→ About this exercise: Your answer should be the exact lines of the data below from the one containing "11) turtle toy [347,303,507,482]" through the one containing "13) video game case [637,46,719,255]"; please include nothing else.

BEGIN Exercise materials

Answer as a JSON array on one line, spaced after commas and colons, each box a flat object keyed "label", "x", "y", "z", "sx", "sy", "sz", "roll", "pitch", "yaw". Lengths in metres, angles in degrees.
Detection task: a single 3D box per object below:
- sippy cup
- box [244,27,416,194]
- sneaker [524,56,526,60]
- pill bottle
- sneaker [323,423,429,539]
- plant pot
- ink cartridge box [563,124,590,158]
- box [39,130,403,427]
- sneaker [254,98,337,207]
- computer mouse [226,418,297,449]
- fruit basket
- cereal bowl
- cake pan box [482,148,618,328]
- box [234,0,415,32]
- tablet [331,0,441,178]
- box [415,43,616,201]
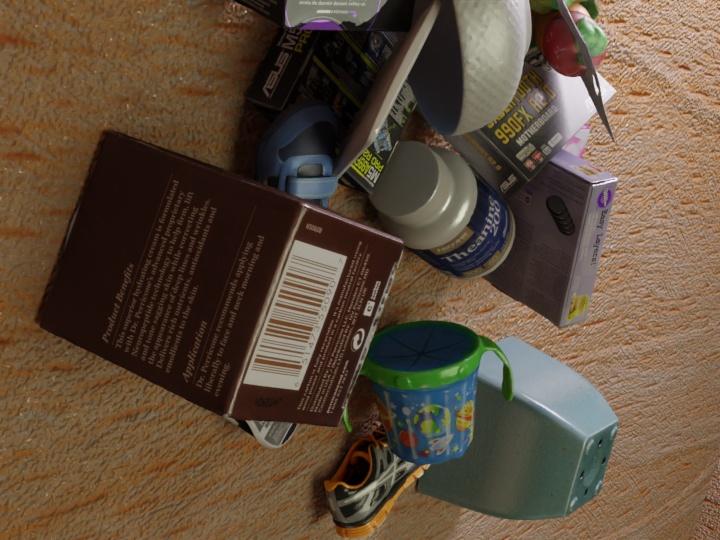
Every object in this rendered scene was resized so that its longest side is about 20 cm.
[{"label": "sippy cup", "x": 0.074, "y": 0.142, "z": 1.387, "sx": 0.140, "sy": 0.177, "sz": 0.131, "roll": -43, "pitch": 131, "yaw": -55}, {"label": "box", "x": -0.011, "y": -0.182, "z": 1.157, "sx": 0.160, "sy": 0.044, "sz": 0.200, "roll": -64, "pitch": 149, "yaw": -7}, {"label": "sneaker", "x": 0.122, "y": -0.241, "z": 1.193, "sx": 0.084, "sy": 0.200, "sz": 0.077, "roll": -6, "pitch": 117, "yaw": -13}, {"label": "pill bottle", "x": 0.085, "y": -0.066, "z": 1.318, "sx": 0.200, "sy": 0.111, "sz": 0.111, "roll": 31, "pitch": 82, "yaw": -60}, {"label": "sneaker", "x": 0.025, "y": 0.220, "z": 1.448, "sx": 0.200, "sy": 0.078, "sz": 0.077, "roll": -53, "pitch": 127, "yaw": -38}, {"label": "plant pot", "x": 0.226, "y": 0.224, "z": 1.645, "sx": 0.196, "sy": 0.200, "sz": 0.196, "roll": -12, "pitch": 118, "yaw": -56}, {"label": "ink cartridge box", "x": 0.229, "y": -0.143, "z": 1.576, "sx": 0.196, "sy": 0.043, "sz": 0.200, "roll": -11, "pitch": 119, "yaw": -55}, {"label": "box", "x": -0.106, "y": 0.009, "z": 0.968, "sx": 0.164, "sy": 0.200, "sz": 0.166, "roll": 16, "pitch": 95, "yaw": -60}, {"label": "sneaker", "x": -0.056, "y": -0.054, "z": 1.089, "sx": 0.074, "sy": 0.082, "sz": 0.200, "roll": -5, "pitch": 125, "yaw": -38}, {"label": "computer mouse", "x": -0.118, "y": 0.106, "z": 1.172, "sx": 0.110, "sy": 0.044, "sz": 0.200, "roll": -60, "pitch": 144, "yaw": -23}, {"label": "fruit basket", "x": 0.213, "y": -0.252, "z": 1.250, "sx": 0.094, "sy": 0.200, "sz": 0.185, "roll": -29, "pitch": 148, "yaw": 6}, {"label": "cereal bowl", "x": 0.090, "y": -0.220, "z": 1.051, "sx": 0.083, "sy": 0.200, "sz": 0.200, "roll": -15, "pitch": 130, "yaw": -10}, {"label": "cake pan box", "x": 0.192, "y": -0.058, "z": 1.418, "sx": 0.052, "sy": 0.200, "sz": 0.185, "roll": -13, "pitch": 123, "yaw": -36}, {"label": "box", "x": -0.021, "y": -0.298, "z": 0.970, "sx": 0.122, "sy": 0.106, "sz": 0.200, "roll": -5, "pitch": 116, "yaw": -29}, {"label": "tablet", "x": 0.017, "y": -0.149, "z": 1.052, "sx": 0.130, "sy": 0.014, "sz": 0.200, "roll": -64, "pitch": -174, "yaw": -9}, {"label": "box", "x": 0.165, "y": -0.190, "z": 1.330, "sx": 0.200, "sy": 0.158, "sz": 0.048, "roll": -42, "pitch": 178, "yaw": -37}]
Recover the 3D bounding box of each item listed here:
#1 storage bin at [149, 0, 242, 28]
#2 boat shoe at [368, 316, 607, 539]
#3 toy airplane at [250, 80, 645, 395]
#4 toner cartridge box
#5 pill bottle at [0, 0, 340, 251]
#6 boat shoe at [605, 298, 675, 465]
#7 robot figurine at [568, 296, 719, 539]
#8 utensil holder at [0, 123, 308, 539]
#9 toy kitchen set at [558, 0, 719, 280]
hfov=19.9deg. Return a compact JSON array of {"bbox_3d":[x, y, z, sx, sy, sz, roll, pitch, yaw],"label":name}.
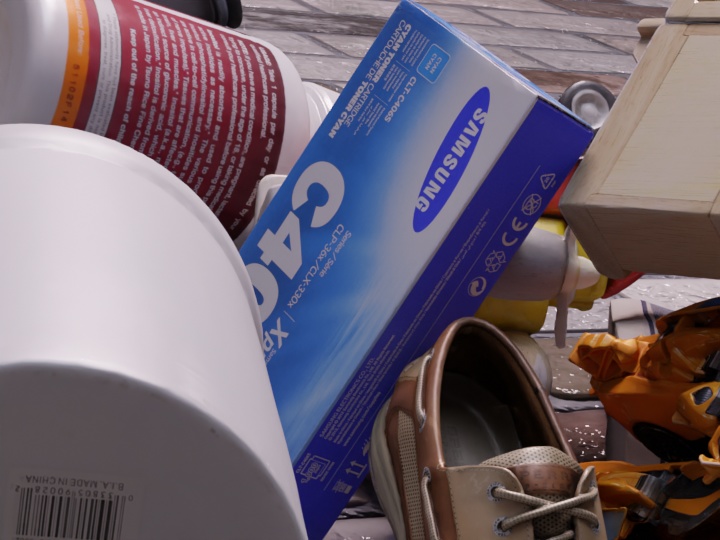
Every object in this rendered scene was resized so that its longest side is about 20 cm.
[{"bbox_3d":[-0.208,-0.234,1.663,0.134,0.147,0.200,-30,35,-23],"label":"storage bin"},{"bbox_3d":[0.051,0.095,0.716,0.075,0.072,0.201,1,39,-23],"label":"boat shoe"},{"bbox_3d":[0.041,0.006,0.949,0.198,0.142,0.199,-23,-13,30],"label":"toy airplane"},{"bbox_3d":[0.000,0.000,0.821,0.043,0.201,0.095,24,12,-46],"label":"toner cartridge box"},{"bbox_3d":[-0.098,-0.069,0.988,0.199,0.114,0.113,15,10,-37],"label":"pill bottle"},{"bbox_3d":[0.164,0.056,0.974,0.092,0.075,0.200,4,15,5],"label":"boat shoe"},{"bbox_3d":[0.131,0.062,0.747,0.058,0.146,0.200,39,-22,-16],"label":"robot figurine"},{"bbox_3d":[-0.104,0.064,0.639,0.168,0.171,0.200,6,20,-12],"label":"utensil holder"},{"bbox_3d":[0.161,-0.030,0.879,0.162,0.200,0.181,5,53,42],"label":"toy kitchen set"}]
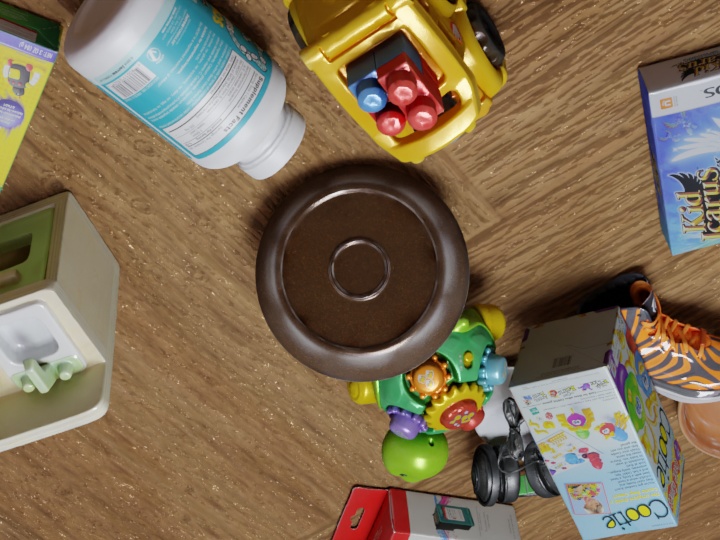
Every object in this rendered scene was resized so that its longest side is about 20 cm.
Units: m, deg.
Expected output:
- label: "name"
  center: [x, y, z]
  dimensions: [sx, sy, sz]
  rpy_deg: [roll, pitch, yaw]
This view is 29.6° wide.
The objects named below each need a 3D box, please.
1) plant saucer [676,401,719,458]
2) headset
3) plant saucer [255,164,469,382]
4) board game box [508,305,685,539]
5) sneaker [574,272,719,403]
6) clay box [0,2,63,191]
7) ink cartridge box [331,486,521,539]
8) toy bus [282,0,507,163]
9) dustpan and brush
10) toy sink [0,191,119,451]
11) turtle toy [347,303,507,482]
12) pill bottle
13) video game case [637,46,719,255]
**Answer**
- label: "plant saucer"
  center: [0.440, 0.129, 1.486]
  dimensions: [0.198, 0.038, 0.201]
  rpy_deg: [-3, 131, -4]
- label: "headset"
  center: [0.174, 0.199, 1.457]
  dimensions: [0.122, 0.095, 0.200]
  rpy_deg: [-10, 161, 10]
- label: "plant saucer"
  center: [0.000, 0.000, 1.243]
  dimensions: [0.198, 0.202, 0.032]
  rpy_deg: [-11, 172, 4]
- label: "board game box"
  center: [0.239, 0.154, 1.358]
  dimensions: [0.104, 0.103, 0.201]
  rpy_deg: [-15, 117, 26]
- label: "sneaker"
  center: [0.309, 0.066, 1.373]
  dimensions: [0.198, 0.078, 0.113]
  rpy_deg: [3, 130, 10]
- label: "clay box"
  center: [-0.342, -0.139, 1.166]
  dimensions: [0.114, 0.048, 0.201]
  rpy_deg: [18, 125, -20]
- label: "ink cartridge box"
  center: [0.074, 0.322, 1.593]
  dimensions: [0.198, 0.068, 0.117]
  rpy_deg: [10, 129, -13]
- label: "toy bus"
  center: [0.039, -0.158, 1.097]
  dimensions: [0.135, 0.193, 0.200]
  rpy_deg: [-31, 128, 18]
- label: "dustpan and brush"
  center: [0.143, 0.132, 1.455]
  dimensions: [0.199, 0.058, 0.140]
  rpy_deg: [19, 138, -29]
- label: "toy sink"
  center: [-0.303, 0.042, 1.226]
  dimensions: [0.129, 0.201, 0.112]
  rpy_deg: [-18, 131, 11]
- label: "turtle toy"
  center: [0.069, 0.120, 1.322]
  dimensions: [0.145, 0.101, 0.201]
  rpy_deg: [-5, 137, -29]
- label: "pill bottle"
  center: [-0.138, -0.159, 1.129]
  dimensions: [0.111, 0.111, 0.200]
  rpy_deg: [-36, 125, 23]
- label: "video game case"
  center: [0.360, -0.119, 1.260]
  dimensions: [0.180, 0.046, 0.201]
  rpy_deg: [-14, 131, 7]
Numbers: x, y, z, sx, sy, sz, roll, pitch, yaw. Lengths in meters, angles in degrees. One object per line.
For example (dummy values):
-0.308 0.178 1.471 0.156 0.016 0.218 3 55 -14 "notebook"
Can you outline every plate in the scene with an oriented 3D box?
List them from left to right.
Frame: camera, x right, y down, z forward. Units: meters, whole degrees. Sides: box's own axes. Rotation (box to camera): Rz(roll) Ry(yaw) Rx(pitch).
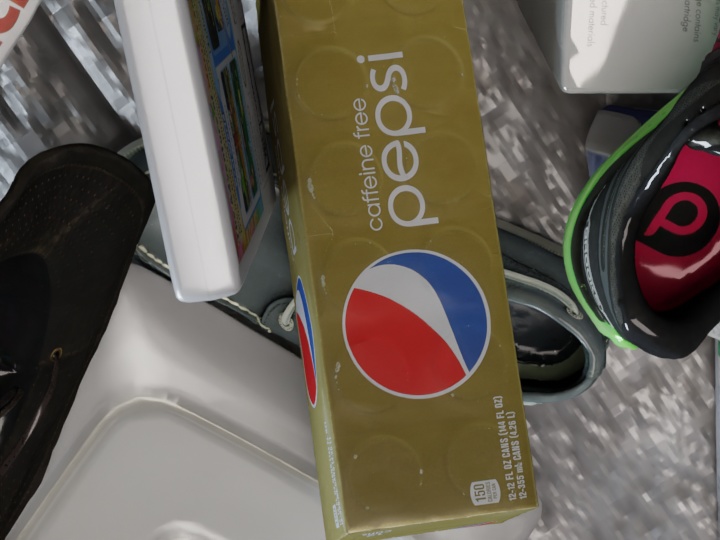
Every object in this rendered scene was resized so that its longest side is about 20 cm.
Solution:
-0.061 0.121 0.901 0.199 0.032 0.200 30 112 -14 "plate"

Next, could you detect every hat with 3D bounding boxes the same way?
-0.152 0.031 0.770 0.081 0.200 0.201 31 107 14 "hat"

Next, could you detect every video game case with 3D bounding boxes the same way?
-0.060 -0.104 0.736 0.024 0.182 0.201 -10 99 3 "video game case"

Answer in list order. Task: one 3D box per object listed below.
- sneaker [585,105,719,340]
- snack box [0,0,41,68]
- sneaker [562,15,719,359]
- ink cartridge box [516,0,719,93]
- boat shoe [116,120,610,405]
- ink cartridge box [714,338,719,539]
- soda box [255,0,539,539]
0.189 -0.030 0.856 0.198 0.115 0.081 15 139 22 "sneaker"
-0.144 -0.029 0.685 0.024 0.072 0.201 31 96 -22 "snack box"
0.134 -0.055 0.714 0.076 0.084 0.201 22 110 -13 "sneaker"
0.160 -0.107 0.804 0.198 0.116 0.068 0 111 -4 "ink cartridge box"
0.000 0.000 0.859 0.199 0.062 0.073 18 111 -9 "boat shoe"
0.222 0.102 0.922 0.160 0.050 0.201 -5 108 -2 "ink cartridge box"
0.010 -0.010 0.807 0.067 0.064 0.202 -7 80 -7 "soda box"
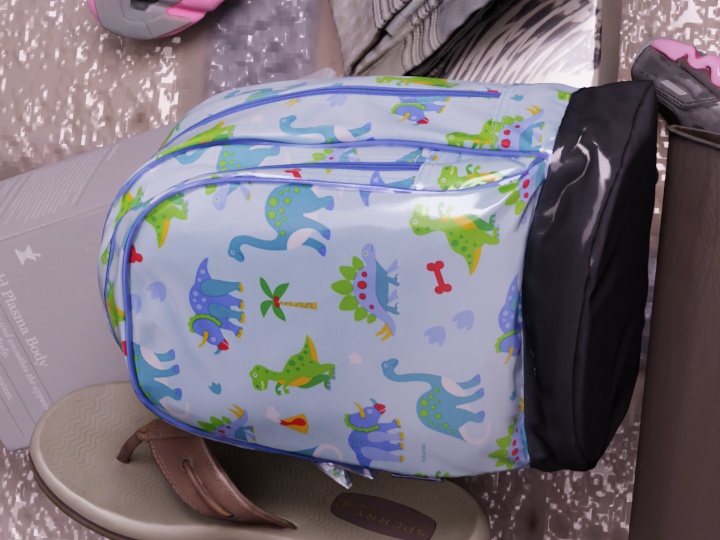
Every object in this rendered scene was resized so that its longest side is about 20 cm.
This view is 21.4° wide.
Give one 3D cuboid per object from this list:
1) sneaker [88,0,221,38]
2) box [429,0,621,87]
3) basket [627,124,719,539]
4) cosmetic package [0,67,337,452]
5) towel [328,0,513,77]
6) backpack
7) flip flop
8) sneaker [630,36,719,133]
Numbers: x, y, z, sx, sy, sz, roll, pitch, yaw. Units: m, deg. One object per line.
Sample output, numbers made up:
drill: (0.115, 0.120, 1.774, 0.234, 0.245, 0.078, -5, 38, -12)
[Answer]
sneaker: (-0.081, -0.210, 0.916, 0.078, 0.095, 0.201, 17, 108, -26)
box: (0.074, -0.074, 0.864, 0.081, 0.068, 0.202, 1, 83, 14)
basket: (0.178, 0.064, 0.734, 0.179, 0.136, 0.202, 16, 99, 3)
cosmetic package: (-0.086, -0.003, 0.856, 0.199, 0.090, 0.107, -17, 114, 21)
towel: (0.030, -0.193, 0.836, 0.192, 0.034, 0.201, -41, 54, 40)
backpack: (0.000, 0.000, 0.729, 0.199, 0.154, 0.164, 17, 125, 21)
flip flop: (-0.042, 0.082, 0.780, 0.198, 0.058, 0.081, 15, 50, 19)
sneaker: (0.177, -0.015, 0.836, 0.095, 0.079, 0.200, -45, 74, 16)
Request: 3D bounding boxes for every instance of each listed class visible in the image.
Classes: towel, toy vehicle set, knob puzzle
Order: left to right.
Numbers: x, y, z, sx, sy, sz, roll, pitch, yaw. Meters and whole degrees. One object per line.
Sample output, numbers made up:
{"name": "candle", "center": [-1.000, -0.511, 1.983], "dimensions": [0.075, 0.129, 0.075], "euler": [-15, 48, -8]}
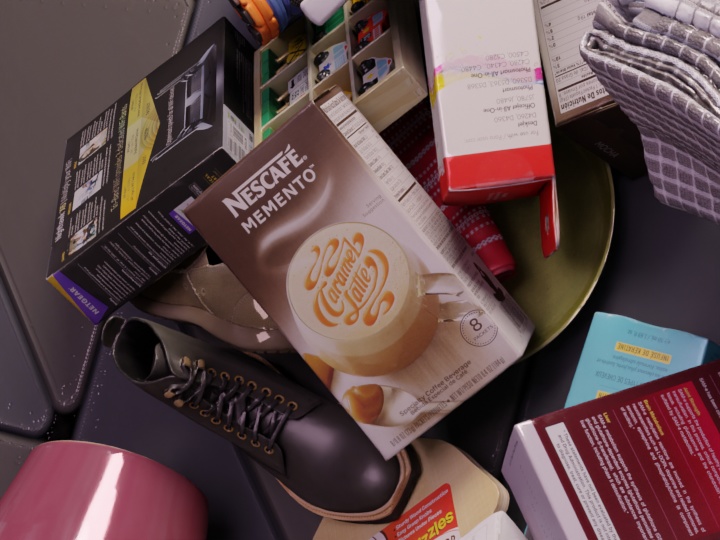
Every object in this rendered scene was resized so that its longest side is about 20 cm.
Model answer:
{"name": "toy vehicle set", "center": [-0.017, -0.133, 1.458], "dimensions": [0.124, 0.027, 0.200], "euler": [-37, 25, 17]}
{"name": "towel", "center": [0.007, -0.036, 1.442], "dimensions": [0.145, 0.022, 0.200], "euler": [-37, 59, 17]}
{"name": "knob puzzle", "center": [0.029, 0.193, 1.374], "dimensions": [0.219, 0.030, 0.220], "euler": [-31, 47, 39]}
{"name": "towel", "center": [0.223, -0.073, 1.186], "dimensions": [0.200, 0.166, 0.086], "euler": [29, 82, 40]}

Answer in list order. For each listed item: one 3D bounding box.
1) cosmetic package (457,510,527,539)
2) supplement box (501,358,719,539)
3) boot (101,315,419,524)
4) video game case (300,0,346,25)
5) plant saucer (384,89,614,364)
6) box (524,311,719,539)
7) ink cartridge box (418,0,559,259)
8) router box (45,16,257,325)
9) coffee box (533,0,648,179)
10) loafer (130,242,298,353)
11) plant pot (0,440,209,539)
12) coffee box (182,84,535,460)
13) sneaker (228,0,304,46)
{"name": "cosmetic package", "center": [0.057, 0.283, 1.224], "dimensions": [0.200, 0.199, 0.123], "euler": [-35, 16, 20]}
{"name": "supplement box", "center": [0.193, 0.115, 1.227], "dimensions": [0.199, 0.061, 0.109], "euler": [-16, 61, -14]}
{"name": "boot", "center": [-0.070, 0.096, 1.399], "dimensions": [0.200, 0.138, 0.078], "euler": [22, 86, 43]}
{"name": "video game case", "center": [0.053, -0.246, 1.375], "dimensions": [0.022, 0.182, 0.200], "euler": [45, 111, -5]}
{"name": "plant saucer", "center": [0.081, -0.026, 1.424], "dimensions": [0.200, 0.031, 0.201], "euler": [-10, 71, 29]}
{"name": "box", "center": [0.155, 0.132, 1.316], "dimensions": [0.082, 0.049, 0.201], "euler": [14, 82, 34]}
{"name": "ink cartridge box", "center": [0.077, -0.106, 1.330], "dimensions": [0.067, 0.116, 0.201], "euler": [-7, 87, 1]}
{"name": "router box", "center": [-0.138, -0.072, 1.505], "dimensions": [0.157, 0.052, 0.200], "euler": [-35, 27, 18]}
{"name": "coffee box", "center": [0.163, -0.173, 1.371], "dimensions": [0.080, 0.113, 0.201], "euler": [-21, 65, 26]}
{"name": "loafer", "center": [-0.092, 0.007, 1.474], "dimensions": [0.200, 0.076, 0.068], "euler": [18, 100, 49]}
{"name": "plant pot", "center": [-0.184, 0.218, 1.427], "dimensions": [0.200, 0.200, 0.179], "euler": [-1, 60, 32]}
{"name": "coffee box", "center": [0.000, 0.000, 1.343], "dimensions": [0.114, 0.080, 0.200], "euler": [-39, 93, 17]}
{"name": "sneaker", "center": [-0.050, -0.204, 1.494], "dimensions": [0.078, 0.075, 0.200], "euler": [-31, 17, 6]}
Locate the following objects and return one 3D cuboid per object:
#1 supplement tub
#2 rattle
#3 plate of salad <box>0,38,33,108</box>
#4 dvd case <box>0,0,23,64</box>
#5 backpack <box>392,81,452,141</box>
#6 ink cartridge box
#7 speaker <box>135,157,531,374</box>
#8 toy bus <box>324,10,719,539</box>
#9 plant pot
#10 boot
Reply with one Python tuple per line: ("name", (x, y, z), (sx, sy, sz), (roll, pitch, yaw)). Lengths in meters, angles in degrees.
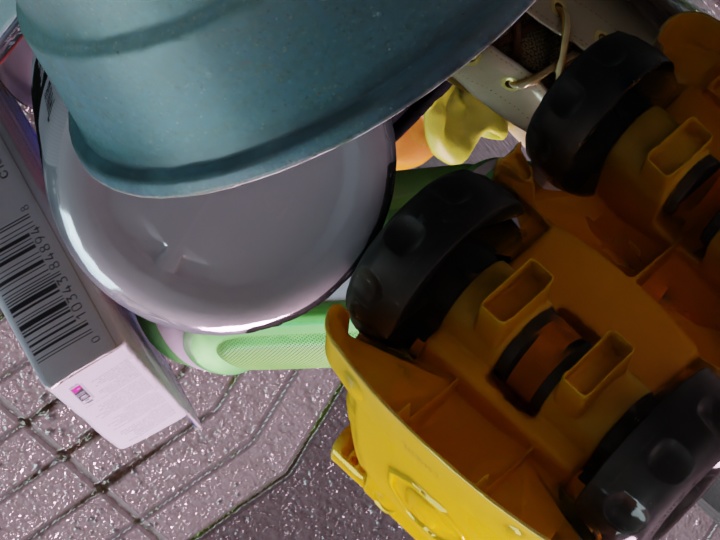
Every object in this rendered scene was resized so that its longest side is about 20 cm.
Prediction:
("supplement tub", (-0.060, -0.059, 1.045), (0.123, 0.123, 0.200), (44, -175, -17))
("rattle", (0.070, -0.046, 1.423), (0.200, 0.143, 0.130), (49, 163, 28))
("plate of salad", (-0.167, -0.171, 1.280), (0.200, 0.048, 0.200), (-8, -90, -78))
("dvd case", (-0.150, -0.168, 1.064), (0.146, 0.200, 0.022), (52, -149, 11))
("backpack", (-0.049, -0.115, 1.317), (0.168, 0.200, 0.163), (43, 179, -6))
("ink cartridge box", (-0.144, -0.021, 1.203), (0.197, 0.043, 0.200), (59, 177, 15))
("speaker", (0.000, 0.000, 1.168), (0.200, 0.089, 0.088), (-3, 144, 40))
("toy bus", (0.087, 0.034, 1.026), (0.136, 0.200, 0.192), (41, 157, 16))
("plant pot", (-0.056, -0.159, 0.827), (0.196, 0.200, 0.200), (53, 174, -30))
("boot", (0.082, -0.075, 1.091), (0.155, 0.073, 0.200), (43, -169, 24))
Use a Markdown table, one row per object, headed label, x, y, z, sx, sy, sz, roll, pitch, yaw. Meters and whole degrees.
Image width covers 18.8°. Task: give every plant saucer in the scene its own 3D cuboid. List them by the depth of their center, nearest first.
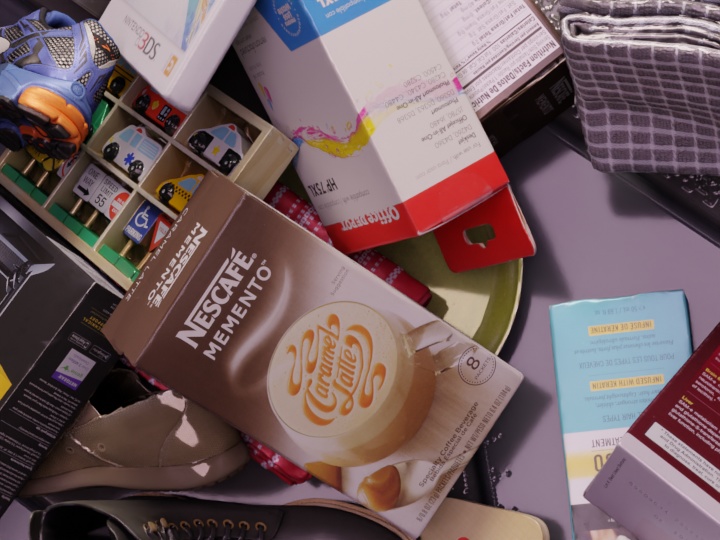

END Exercise materials

→ Your solution:
11) turtle toy [347,303,507,482]
12) pill bottle
13) video game case [637,46,719,255]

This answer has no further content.